On Sun, Dec 14, 2014 at 09:26:57PM -0800, Omar Sandoval wrote:
> The rw argument to direct_IO has some ill-defined semantics. Some
> filesystems (e.g., ext4, FAT) decide whether they're doing a write with
> rw == WRITE, but others (e.g., XFS) check rw & WRITE. Let's set a good
> example in the swap file code and say ITER_BVEC belongs in
> iov_iter->flags but not in rw. This caters to the least common
> denominator and avoids a sweeping change of every direct_IO
> implementation for now.

Frankly, this is bogus.

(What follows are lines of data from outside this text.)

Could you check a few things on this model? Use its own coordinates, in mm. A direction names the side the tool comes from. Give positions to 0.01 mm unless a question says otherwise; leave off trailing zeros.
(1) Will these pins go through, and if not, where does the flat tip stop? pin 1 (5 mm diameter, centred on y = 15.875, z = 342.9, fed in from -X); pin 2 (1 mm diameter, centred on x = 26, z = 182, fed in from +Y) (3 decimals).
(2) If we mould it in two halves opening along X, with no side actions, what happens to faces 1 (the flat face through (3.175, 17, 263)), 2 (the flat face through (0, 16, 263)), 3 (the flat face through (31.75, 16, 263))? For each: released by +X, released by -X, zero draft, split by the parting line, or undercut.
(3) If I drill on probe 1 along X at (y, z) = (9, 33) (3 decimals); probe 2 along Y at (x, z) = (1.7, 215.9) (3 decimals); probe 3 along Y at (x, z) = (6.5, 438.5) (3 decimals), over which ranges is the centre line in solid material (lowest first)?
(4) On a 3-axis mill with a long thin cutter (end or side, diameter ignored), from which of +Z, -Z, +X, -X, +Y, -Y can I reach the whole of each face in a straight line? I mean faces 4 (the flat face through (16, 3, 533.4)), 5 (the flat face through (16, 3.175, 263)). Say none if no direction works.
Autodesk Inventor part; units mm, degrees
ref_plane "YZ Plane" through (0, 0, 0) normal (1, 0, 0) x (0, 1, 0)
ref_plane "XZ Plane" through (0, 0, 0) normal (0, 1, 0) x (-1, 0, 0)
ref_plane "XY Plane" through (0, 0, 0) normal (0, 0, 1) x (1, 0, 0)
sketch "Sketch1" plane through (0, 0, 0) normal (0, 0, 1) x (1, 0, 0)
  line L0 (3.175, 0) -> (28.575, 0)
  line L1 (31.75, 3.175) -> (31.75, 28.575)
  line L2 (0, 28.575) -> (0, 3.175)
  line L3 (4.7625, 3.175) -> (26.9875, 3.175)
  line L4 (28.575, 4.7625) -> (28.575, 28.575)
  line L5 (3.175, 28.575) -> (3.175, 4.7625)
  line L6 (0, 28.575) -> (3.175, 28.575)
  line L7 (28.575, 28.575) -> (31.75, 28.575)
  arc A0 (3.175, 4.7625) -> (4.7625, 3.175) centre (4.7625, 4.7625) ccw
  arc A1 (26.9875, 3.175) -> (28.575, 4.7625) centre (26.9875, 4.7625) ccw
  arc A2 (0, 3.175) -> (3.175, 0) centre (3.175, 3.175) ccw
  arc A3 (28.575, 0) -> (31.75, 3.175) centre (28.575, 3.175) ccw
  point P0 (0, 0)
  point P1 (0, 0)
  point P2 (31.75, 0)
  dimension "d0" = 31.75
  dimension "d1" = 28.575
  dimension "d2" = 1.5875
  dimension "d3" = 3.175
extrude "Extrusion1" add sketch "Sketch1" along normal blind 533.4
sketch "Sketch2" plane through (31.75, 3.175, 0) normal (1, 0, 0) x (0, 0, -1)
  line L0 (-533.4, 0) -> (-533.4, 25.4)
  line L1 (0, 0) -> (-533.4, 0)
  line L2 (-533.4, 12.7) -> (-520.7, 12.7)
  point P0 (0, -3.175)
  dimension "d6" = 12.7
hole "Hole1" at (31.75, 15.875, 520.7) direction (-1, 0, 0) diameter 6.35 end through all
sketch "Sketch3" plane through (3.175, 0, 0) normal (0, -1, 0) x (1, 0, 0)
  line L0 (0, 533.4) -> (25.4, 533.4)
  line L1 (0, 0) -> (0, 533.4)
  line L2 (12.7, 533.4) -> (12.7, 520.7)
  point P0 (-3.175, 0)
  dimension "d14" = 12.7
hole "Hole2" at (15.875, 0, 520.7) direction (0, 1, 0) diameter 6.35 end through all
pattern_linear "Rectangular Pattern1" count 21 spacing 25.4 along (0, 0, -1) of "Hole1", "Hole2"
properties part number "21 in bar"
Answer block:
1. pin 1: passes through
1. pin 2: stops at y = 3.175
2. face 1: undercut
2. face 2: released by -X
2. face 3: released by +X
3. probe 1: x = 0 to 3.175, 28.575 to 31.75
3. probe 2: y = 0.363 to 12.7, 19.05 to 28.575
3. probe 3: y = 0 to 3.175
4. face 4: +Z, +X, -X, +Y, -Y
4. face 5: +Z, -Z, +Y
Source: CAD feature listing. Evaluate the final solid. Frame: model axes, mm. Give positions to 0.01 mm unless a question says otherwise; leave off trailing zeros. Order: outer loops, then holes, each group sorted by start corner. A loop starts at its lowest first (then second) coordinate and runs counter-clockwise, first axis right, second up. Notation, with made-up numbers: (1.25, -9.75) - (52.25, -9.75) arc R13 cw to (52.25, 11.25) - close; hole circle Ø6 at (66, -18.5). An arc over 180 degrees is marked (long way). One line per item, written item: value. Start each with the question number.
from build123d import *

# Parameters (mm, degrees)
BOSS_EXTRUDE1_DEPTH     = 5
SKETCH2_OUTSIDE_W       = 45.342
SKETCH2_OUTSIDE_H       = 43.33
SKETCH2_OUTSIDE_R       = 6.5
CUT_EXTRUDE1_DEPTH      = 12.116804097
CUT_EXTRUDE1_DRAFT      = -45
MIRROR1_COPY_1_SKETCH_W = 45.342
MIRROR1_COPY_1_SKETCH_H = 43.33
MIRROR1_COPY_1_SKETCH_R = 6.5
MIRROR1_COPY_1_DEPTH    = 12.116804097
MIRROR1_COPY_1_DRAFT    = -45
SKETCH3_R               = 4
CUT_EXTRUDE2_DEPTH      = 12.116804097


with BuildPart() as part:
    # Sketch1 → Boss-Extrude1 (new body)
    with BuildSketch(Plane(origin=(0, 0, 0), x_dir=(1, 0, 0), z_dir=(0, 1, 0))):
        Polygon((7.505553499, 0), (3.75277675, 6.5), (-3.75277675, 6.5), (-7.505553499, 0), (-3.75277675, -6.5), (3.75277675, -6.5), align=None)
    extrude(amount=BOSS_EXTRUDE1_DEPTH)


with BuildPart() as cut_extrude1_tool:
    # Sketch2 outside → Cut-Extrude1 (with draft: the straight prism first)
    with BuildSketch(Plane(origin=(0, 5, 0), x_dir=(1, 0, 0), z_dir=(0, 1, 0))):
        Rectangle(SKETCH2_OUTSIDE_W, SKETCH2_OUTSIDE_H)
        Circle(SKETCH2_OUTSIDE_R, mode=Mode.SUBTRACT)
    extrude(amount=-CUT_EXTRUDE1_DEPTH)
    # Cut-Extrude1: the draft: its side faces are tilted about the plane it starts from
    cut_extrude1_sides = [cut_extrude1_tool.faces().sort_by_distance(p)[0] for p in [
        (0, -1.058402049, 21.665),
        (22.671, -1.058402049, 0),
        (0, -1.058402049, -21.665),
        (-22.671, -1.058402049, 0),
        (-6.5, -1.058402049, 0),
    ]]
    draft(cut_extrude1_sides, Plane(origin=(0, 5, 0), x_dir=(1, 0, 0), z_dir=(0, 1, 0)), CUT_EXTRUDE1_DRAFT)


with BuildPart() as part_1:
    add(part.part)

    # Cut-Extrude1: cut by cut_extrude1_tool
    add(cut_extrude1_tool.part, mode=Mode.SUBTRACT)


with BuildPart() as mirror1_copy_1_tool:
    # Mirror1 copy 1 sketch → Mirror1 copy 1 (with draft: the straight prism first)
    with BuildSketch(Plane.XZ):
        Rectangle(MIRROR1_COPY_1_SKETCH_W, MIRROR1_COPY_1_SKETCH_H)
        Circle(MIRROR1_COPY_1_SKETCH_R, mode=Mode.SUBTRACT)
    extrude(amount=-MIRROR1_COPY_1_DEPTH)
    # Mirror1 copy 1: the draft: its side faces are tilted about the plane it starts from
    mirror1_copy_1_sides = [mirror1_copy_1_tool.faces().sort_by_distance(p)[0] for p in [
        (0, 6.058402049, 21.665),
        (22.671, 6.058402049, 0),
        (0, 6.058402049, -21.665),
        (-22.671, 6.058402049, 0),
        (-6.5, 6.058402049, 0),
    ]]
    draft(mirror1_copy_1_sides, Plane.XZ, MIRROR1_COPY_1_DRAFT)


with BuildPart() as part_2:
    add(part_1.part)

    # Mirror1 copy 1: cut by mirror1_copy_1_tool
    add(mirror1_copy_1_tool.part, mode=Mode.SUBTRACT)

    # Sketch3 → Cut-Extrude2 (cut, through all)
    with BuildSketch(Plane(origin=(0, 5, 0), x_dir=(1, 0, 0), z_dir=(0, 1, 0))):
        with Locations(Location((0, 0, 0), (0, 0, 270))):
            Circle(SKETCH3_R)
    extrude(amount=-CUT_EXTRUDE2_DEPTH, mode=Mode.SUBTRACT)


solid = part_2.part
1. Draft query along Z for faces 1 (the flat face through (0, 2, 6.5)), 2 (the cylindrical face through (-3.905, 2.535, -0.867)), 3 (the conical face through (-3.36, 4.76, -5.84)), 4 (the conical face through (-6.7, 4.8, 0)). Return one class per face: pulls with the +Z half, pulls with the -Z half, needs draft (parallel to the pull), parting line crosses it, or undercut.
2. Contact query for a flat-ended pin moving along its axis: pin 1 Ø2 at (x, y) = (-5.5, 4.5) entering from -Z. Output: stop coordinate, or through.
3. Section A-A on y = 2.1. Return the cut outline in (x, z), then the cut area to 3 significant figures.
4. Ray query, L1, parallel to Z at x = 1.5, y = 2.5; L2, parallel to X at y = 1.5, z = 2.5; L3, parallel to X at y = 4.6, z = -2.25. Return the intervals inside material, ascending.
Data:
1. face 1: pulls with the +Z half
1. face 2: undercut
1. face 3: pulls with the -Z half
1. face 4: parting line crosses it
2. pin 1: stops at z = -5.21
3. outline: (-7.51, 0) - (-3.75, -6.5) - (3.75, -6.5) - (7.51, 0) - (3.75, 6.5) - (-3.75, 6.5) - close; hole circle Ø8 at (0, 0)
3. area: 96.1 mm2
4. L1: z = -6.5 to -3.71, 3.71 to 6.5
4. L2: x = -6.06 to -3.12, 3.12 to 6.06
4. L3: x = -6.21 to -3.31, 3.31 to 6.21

If anything, let's just kill the first argument
completely - ->direct_IO() can always pick it from iter->type.

As for catering to the least common denominator... To hell with the lowest
common denominator. How many instances of ->direct_IO() do we have, anyway?
24 in the mainline (and we don't give a flying fuck for out-of-tree code, as
a matter of policy). Moreover, several are of "do nothing" variety.

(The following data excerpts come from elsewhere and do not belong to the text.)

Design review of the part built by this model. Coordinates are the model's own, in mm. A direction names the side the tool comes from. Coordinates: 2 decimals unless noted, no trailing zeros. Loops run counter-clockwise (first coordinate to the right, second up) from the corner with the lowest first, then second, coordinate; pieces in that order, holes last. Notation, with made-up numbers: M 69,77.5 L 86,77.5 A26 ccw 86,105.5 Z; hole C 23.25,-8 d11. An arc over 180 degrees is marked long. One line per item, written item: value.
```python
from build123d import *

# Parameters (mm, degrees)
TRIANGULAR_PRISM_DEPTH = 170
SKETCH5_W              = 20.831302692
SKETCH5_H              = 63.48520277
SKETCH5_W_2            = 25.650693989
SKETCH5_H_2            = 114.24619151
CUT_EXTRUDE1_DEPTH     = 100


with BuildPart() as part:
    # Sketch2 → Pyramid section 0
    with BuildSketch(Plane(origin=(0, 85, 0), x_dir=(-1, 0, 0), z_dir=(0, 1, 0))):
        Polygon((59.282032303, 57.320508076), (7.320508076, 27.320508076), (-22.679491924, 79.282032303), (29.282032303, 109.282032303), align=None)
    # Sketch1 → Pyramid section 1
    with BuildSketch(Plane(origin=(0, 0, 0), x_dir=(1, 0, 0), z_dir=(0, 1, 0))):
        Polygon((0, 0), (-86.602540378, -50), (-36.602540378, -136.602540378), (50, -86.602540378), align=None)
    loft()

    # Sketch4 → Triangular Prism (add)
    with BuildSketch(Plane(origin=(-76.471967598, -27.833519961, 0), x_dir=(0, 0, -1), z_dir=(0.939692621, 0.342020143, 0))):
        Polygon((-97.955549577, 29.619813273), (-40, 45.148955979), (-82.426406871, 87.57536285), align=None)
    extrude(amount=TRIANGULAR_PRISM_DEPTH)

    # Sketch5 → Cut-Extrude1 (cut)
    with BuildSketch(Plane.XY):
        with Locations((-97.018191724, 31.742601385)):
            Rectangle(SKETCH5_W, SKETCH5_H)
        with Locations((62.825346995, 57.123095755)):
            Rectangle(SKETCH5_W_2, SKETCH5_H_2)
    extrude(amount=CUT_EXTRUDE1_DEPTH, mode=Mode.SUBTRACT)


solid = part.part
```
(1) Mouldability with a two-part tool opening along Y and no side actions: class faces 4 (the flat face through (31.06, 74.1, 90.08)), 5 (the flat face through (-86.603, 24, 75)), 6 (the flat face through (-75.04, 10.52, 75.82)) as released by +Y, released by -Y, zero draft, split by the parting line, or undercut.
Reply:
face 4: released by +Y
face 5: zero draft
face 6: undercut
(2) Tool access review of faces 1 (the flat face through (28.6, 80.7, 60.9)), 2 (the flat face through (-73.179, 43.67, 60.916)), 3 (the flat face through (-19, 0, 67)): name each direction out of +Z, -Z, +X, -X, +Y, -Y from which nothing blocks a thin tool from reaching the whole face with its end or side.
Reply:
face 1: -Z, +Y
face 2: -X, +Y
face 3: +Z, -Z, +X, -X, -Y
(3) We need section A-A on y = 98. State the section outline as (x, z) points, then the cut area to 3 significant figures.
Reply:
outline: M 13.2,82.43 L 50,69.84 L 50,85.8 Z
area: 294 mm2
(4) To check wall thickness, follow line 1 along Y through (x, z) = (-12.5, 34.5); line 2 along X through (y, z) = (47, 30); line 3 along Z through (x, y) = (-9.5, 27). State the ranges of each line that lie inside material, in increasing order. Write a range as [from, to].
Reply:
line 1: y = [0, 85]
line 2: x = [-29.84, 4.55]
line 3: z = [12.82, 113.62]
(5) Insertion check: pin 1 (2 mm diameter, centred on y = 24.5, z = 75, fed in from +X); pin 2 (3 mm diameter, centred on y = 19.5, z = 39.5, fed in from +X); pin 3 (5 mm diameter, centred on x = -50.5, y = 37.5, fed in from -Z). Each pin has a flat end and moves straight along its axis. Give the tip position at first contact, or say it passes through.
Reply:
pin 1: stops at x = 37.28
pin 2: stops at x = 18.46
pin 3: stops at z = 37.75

FWIW, 'rw' is a mess. We used to have this:
READ: O_DIRECT read
WRITE: O_DIRECT write
KERNEL_WRITE: swapout

These days KERNEL_WRITE got replaced with ITER_BVEC | WRITE. The thing is,
we have a bunch of places where we explicitly checked for being _equal_ to
WRITE. I.e. the checks that gave a negative on swapouts. I suspect that most
of them are wrong and should trigger on all writes, including swapouts, but
I really didn't want to dig into that pile of fun back then. That's the
main reason why 'rw' argument has survived at all...

2014-12-15 06:17:43

by Al Viro

[permalink] [raw]
Subject: Re: [PATCH 6/8] nfs: don't dirty ITER_BVEC pages read through direct I/O

On Sun, Dec 14, 2014 at 09:27:00PM -0800, Omar Sandoval wrote:
> As with the generic blockdev code, kernel pages shouldn't be dirtied by
> the direct I/O path.

This really asks for an inlined helper (iter_is_bvec(iter) or something like
that)

2014-12-15 12:49:24

by Trond Myklebust

[permalink] [raw]
Subject: Re: [PATCH 1/8] nfs: follow direct I/O write locking convention

On Mon, Dec 15, 2014 at 12:26 AM, Omar Sandoval <[email protected]> wrote:
> The generic callers of direct_IO lock i_mutex before doing a write. NFS
> doesn't use the generic write code, so it doesn't follow this
> convention. This is now a problem because the interface introduced for
> swap-over-NFS calls direct_IO for a write without holding i_mutex, but
> other implementations of direct_IO will expect to have it locked.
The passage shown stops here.